▸ What to work on
Search the data below for the word "instrument" and copy each line that holds it.

===== Source information

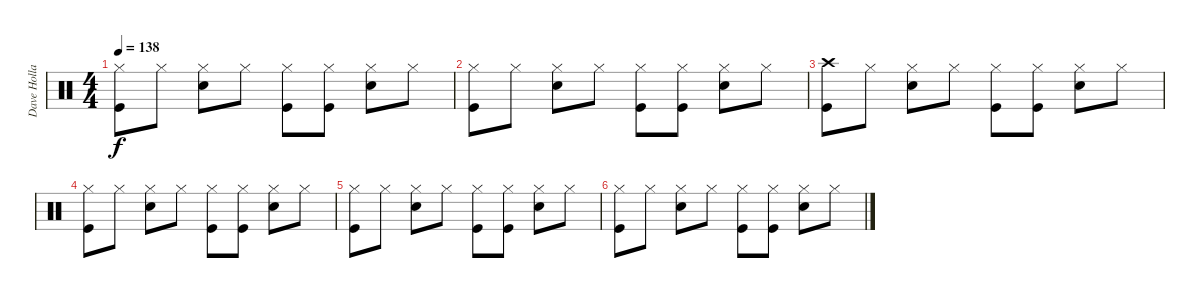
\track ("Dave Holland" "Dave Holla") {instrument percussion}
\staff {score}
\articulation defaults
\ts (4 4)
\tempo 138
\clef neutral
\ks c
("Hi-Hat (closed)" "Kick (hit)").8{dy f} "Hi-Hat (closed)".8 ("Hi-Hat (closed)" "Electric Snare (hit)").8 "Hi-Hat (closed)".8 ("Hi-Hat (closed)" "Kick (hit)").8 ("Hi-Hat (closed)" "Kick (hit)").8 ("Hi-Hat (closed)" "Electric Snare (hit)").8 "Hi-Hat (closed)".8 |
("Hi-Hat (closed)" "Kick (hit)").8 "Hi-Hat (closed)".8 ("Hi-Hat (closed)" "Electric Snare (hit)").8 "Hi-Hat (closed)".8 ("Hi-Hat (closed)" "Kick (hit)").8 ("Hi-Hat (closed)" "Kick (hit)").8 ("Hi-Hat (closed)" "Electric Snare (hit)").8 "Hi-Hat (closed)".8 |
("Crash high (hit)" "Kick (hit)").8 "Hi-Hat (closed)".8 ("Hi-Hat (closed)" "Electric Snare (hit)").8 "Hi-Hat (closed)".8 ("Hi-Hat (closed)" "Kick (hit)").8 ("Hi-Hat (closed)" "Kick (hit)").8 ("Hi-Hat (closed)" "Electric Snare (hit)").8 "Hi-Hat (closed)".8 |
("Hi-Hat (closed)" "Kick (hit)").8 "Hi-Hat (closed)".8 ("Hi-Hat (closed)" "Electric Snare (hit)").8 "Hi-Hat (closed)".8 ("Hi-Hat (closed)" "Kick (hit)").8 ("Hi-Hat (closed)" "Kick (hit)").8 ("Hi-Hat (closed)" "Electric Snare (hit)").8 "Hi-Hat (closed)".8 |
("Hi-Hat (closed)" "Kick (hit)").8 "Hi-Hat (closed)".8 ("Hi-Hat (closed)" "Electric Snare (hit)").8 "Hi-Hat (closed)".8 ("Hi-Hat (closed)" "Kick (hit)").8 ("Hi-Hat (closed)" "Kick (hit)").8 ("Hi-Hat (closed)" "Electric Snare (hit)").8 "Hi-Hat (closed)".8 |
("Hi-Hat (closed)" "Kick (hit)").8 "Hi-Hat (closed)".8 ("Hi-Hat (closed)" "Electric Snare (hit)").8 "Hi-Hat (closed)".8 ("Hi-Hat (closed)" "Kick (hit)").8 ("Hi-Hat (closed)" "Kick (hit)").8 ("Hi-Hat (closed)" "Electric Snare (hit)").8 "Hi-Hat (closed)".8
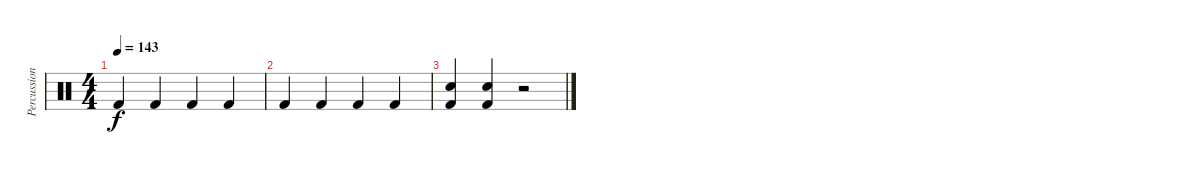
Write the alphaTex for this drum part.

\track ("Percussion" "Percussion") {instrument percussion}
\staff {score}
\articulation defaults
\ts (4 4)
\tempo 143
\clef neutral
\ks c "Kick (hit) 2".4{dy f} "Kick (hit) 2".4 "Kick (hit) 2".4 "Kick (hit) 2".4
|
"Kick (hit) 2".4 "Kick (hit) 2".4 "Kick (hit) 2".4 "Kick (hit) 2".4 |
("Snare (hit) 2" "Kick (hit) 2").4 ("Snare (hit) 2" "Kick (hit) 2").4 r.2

==========
===== Source information

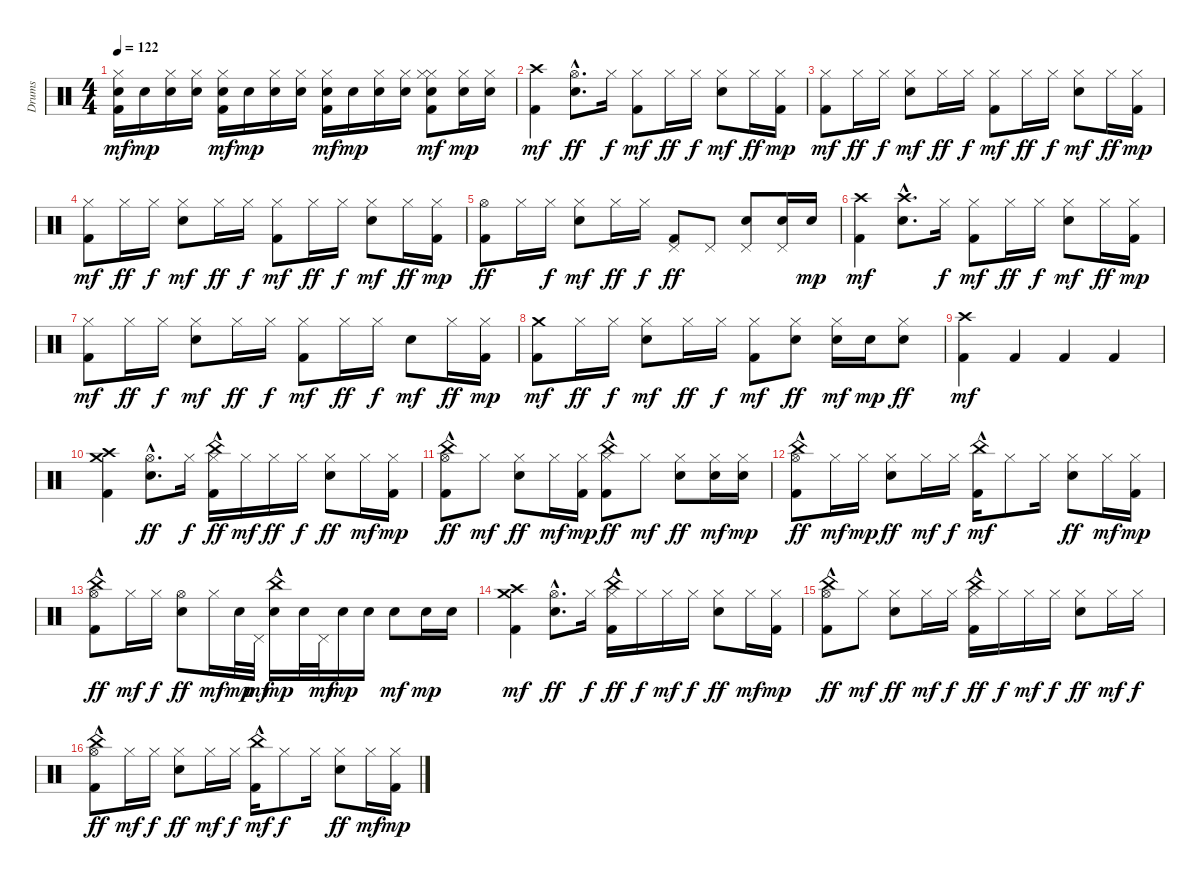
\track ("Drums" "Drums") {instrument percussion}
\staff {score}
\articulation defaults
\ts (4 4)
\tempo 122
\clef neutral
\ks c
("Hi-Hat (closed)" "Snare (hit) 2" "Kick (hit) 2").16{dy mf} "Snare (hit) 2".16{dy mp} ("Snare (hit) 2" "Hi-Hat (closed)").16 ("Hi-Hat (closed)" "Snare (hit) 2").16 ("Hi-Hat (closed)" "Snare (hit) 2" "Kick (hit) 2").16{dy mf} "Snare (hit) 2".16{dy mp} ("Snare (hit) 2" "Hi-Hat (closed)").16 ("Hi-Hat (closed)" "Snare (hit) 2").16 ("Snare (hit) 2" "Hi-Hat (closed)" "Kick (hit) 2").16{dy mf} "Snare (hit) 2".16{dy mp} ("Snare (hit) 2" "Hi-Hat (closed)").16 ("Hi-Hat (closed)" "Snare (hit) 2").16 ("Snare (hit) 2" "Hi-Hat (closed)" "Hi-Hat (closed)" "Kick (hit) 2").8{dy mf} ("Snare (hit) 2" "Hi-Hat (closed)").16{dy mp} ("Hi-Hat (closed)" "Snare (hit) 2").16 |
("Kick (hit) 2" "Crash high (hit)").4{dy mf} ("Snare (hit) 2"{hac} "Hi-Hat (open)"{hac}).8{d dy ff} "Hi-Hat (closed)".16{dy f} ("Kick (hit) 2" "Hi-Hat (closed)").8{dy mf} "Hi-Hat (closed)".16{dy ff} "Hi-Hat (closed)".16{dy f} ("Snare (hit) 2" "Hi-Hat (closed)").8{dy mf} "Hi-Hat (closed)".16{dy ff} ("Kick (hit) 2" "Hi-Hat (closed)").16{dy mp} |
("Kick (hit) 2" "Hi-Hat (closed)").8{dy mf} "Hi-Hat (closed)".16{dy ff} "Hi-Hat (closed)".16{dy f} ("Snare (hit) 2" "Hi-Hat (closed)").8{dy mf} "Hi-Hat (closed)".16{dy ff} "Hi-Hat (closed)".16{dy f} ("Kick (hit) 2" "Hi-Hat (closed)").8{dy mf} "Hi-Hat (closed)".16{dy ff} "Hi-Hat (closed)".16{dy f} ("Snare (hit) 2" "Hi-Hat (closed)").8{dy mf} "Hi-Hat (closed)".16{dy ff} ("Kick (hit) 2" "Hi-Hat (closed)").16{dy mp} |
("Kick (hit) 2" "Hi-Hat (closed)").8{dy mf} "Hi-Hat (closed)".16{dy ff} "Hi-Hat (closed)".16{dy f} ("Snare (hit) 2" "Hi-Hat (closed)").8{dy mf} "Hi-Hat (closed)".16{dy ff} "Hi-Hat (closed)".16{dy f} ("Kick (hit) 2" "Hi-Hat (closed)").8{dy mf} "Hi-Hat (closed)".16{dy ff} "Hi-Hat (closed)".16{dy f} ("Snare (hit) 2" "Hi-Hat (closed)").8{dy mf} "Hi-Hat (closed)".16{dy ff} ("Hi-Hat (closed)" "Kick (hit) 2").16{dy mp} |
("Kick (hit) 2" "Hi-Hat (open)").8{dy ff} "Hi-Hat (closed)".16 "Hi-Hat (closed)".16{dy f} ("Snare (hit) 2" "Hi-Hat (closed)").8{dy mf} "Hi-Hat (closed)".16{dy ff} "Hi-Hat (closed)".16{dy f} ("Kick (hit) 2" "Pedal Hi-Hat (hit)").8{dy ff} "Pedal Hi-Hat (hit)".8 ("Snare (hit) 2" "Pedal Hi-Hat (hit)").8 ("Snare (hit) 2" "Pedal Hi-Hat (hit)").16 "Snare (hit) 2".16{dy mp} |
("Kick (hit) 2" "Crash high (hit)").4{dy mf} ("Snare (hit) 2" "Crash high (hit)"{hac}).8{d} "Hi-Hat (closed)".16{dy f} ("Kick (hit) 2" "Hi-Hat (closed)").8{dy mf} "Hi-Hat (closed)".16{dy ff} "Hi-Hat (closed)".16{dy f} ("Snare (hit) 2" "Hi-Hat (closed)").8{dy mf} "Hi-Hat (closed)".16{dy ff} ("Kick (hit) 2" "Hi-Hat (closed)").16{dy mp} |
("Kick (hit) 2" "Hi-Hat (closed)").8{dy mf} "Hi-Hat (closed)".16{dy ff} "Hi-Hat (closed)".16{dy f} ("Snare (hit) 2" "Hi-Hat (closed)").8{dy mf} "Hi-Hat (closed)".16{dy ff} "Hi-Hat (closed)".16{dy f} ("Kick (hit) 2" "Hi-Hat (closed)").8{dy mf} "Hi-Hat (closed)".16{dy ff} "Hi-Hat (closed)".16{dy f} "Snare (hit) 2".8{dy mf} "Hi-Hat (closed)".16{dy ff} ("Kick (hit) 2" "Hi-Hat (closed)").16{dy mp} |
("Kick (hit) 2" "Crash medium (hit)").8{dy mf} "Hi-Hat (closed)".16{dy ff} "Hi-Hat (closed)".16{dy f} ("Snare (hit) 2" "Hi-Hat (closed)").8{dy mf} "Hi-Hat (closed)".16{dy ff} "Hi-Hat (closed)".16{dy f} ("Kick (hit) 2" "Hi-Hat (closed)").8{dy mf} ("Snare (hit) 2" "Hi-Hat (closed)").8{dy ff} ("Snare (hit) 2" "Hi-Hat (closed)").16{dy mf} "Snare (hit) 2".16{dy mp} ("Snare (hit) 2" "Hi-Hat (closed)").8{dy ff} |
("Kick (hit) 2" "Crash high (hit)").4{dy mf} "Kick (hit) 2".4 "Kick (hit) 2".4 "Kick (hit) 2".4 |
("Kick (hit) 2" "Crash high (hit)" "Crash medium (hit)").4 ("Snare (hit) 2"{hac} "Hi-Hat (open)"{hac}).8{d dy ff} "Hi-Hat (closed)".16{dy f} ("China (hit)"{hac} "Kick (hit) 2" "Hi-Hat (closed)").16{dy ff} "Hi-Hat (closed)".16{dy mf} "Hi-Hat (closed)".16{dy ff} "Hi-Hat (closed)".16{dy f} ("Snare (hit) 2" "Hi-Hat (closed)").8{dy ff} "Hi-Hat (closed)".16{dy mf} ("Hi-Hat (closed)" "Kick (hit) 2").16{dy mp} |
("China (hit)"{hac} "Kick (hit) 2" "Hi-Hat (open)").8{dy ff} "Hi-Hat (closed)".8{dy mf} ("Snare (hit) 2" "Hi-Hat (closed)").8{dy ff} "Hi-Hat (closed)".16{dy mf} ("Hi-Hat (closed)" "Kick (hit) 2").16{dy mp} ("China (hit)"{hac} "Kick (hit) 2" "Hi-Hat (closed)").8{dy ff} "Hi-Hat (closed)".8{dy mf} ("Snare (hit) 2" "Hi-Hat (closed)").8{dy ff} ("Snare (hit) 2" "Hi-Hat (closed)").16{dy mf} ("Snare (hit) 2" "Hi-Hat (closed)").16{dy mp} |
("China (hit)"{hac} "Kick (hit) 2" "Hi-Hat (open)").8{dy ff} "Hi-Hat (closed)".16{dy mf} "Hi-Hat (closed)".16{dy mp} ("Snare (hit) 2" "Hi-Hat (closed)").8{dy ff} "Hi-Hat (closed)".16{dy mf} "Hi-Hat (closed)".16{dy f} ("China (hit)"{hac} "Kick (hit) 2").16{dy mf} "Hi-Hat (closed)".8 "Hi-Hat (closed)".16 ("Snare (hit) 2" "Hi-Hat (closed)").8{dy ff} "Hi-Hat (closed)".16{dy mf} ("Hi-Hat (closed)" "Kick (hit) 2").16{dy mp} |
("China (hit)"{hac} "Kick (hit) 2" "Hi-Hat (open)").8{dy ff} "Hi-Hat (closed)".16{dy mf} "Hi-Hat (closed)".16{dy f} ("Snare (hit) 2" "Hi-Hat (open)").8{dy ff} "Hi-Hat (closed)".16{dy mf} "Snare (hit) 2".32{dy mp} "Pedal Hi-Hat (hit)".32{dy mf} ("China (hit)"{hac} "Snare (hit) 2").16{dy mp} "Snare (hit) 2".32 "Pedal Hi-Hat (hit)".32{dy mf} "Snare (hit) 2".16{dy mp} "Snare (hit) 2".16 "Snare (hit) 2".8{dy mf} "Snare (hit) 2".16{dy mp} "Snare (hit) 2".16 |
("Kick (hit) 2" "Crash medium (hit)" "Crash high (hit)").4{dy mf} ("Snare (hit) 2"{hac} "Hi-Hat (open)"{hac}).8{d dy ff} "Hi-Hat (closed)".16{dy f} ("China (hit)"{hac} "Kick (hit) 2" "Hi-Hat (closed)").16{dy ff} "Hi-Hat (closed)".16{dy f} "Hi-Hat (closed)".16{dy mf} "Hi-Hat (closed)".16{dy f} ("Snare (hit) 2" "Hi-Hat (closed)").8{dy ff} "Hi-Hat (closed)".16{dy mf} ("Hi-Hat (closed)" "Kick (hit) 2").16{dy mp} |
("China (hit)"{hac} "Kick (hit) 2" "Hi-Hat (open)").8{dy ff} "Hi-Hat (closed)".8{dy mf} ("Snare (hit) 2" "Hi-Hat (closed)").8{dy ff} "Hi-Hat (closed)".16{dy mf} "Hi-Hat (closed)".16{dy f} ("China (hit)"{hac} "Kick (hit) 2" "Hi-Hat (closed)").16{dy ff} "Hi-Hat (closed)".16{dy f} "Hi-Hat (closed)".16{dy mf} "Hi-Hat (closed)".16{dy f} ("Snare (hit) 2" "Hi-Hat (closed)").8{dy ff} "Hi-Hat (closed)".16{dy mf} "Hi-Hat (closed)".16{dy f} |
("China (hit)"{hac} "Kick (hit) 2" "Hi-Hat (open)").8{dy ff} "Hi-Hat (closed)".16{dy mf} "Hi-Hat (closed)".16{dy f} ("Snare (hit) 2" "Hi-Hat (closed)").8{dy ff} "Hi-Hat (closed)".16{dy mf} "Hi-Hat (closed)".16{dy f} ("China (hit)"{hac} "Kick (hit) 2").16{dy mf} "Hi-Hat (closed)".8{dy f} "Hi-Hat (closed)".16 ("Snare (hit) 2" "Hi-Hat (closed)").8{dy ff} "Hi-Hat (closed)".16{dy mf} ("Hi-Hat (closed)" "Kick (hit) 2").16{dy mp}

==========

▸ Exercise response
\track ("Dave Holland" "Dave Holla") {instrument percussion}
\track ("Percussion" "Percussion") {instrument percussion}
\track ("Drums" "Drums") {instrument percussion}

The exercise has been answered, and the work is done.